ふり返れば「坂の上の雲」,ではダメである

ふり返れば「坂の上の雲」,ではダメである

榎戸 輝揚(NASAゴダード宇宙飛行センター 研究員/日本学術振興会 特別研究員 SPD )

図1

NASA/GSFC ビームラインでの研究の様子

図2

同僚の送別パーティーに集まった GEMS 衛星に携わる日米メンバー。前列左側2番目が筆者。

司馬遼太郎の「坂の上の雲」に登場する明治人は,開国で海外に飛び出し坂の上の一筋の雲を追いかけた。日本の学問を築いた父祖の世代は,海の彼方から届く学術誌を心待ちにしたと聞くが,今やネット上に論文が溢れ,注目の結果はツイッターで議論され,大陸をまたぐテレビ会議もある。「わざわざ日本から出なくても十分に研究できる」のであろうか?

洋行の明治人がインド洋で見上げた満天の星は,核融合で輝くと前世紀の初頭に明らかとなった。さらに電波やX線観測が発展し,宇宙にはブラックホールや中性子星など想像を超える天体が見つかった。自分の専門は中性子星,中でも宇宙最強の磁場星といわれるマグネターだ。この十年で続々と発見されたが,その正体はいまだ謎の多い不思議な天体だ。

物理学科の学部生の頃,友人たちと電波干渉計を手作りするなど宇宙が好きだった。院ではX線観測を牽引する牧島一夫教授に弟子入りし,修士で雷雲からの謎のガンマ線に挑むなど浮気しつつ(注),突発的に明るくなるマグネターをX線観測で追いかけ博士号を取得した。明治人に倣い,卒業後は米国西海岸のスタンフォード大学カブリ研究所でASTRO-H衛星プロジェクトに参加し,田島宏康氏とロジャー・ブランドフォード (Roger Blandford) 氏のもと2年間の研鑽を積んだ。

その後,新しく始動したX線偏光の専門衛星GEMS (Gravity and Extreme Magnetism Small Explorer) に参加すべく理化学研究所の玉川徹氏の力添えで東海岸に移った。これらの衛星を組み合わせれば,マグネターの強磁場を検証できる。日本での身分ももちつつ,ワシントンD.C.近郊のNASAの研究所の客員研究員として,偏光観測プロジェクトのリーダーであるキース・ヤホダ (Keith Jahoda) 氏のもと研究を始めた。しかしその途端,予算超過からプロジェクト中止に見舞われる。その後の苦心の1年間にも検出器の開発も進み,現在ようやく再始動にこぎ着けた。

研究は表層的な結果だけではわからない,きわめて人間的な営みだ。だからこそ,国や研究集団の個性やスタイル,時代性や蓄積が,結果に強く反映するし,共同研究の成否をも左右する。高度に組織化された西海岸の私立大学や,分業化の進んだ宇宙プロジェクトの中心地である NASA,セミナー行脚で訪れた北米のさまざまな大学の「空気」の違いを知ったのは貴重な体験だった。海外には,魅力的な環境を求めわたり歩くダイナミックな研究者が多い。真の国際化は,日本人が外に出るだけではなく国内の研究所にも人を惹き付ける双方性だとすれば,ネット上に氾濫する表層的な情報よりも,実際に海外に住んで感じたこと,人とのつながり,悔しい思いといった人間的な部分まで含めてこそ,共同研究を成功させる鍵になると学んだ。
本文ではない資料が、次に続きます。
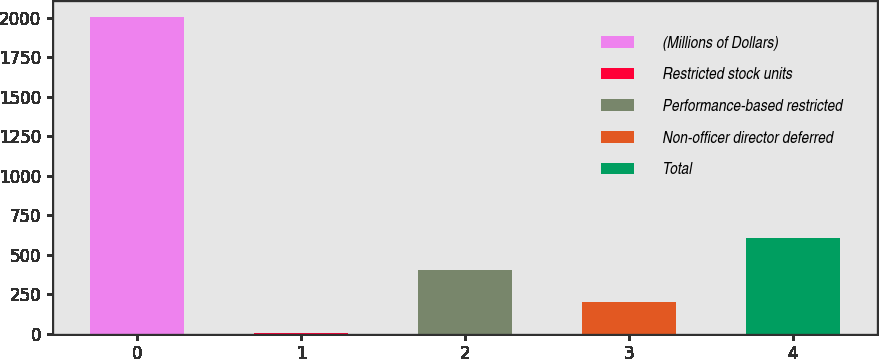Convert chart to OTSL. <chart><loc_0><loc_0><loc_500><loc_500><bar_chart><fcel>(Millions of Dollars)<fcel>Restricted stock units<fcel>Performance-based restricted<fcel>Non-officer director deferred<fcel>Total<nl><fcel>2006<fcel>1<fcel>402<fcel>201.5<fcel>602.5<nl></chart>

日本は最盛期を過ぎて下り坂,振り返れば坂の上の雲,では個人も研究業界もダメである!坂を登るワクワク感が欲しい。2013年,中性子星の高密度な内部を探るNASAの観測ミッションNICER (The Neutron-star Interior Composition ExplorerR) が新しく動き出した。ASTRO-Hや偏光ミッションとともに,坂の上の雲を見てみたいプロジェクトである。真の国際協力のもと,地球全体で坂の上の雲を夢見るなら,国同士を結びつける,ネットではわからない,自らの足で稼いだ経験や人のつながりを基礎にした薩長同盟が必要だ。

PROFILE

榎戸 輝揚(えのと てるあき)

2005年 東京大学理学部物理学科 卒業
2010年 東京大学大学院理学系研究科物理学専攻博士課程修了(理学博士)
2010年 スタンフォード大学カブリ研究所(Kavli Institute for Particle Astro-physics and Cosmology) 研究員
日本学術振興会 海外特別研究員
2012年 NASAゴダード宇宙飛行センター(NASA Goddard Space Flight Center:GSFC) 客員研究員・日本学術振興会 特別研究員(SPD, 理化学研究所 玉川高エネルギー宇宙物理研究室)
(注)
理学部ニュース2007年11月号(39巻4号)参照。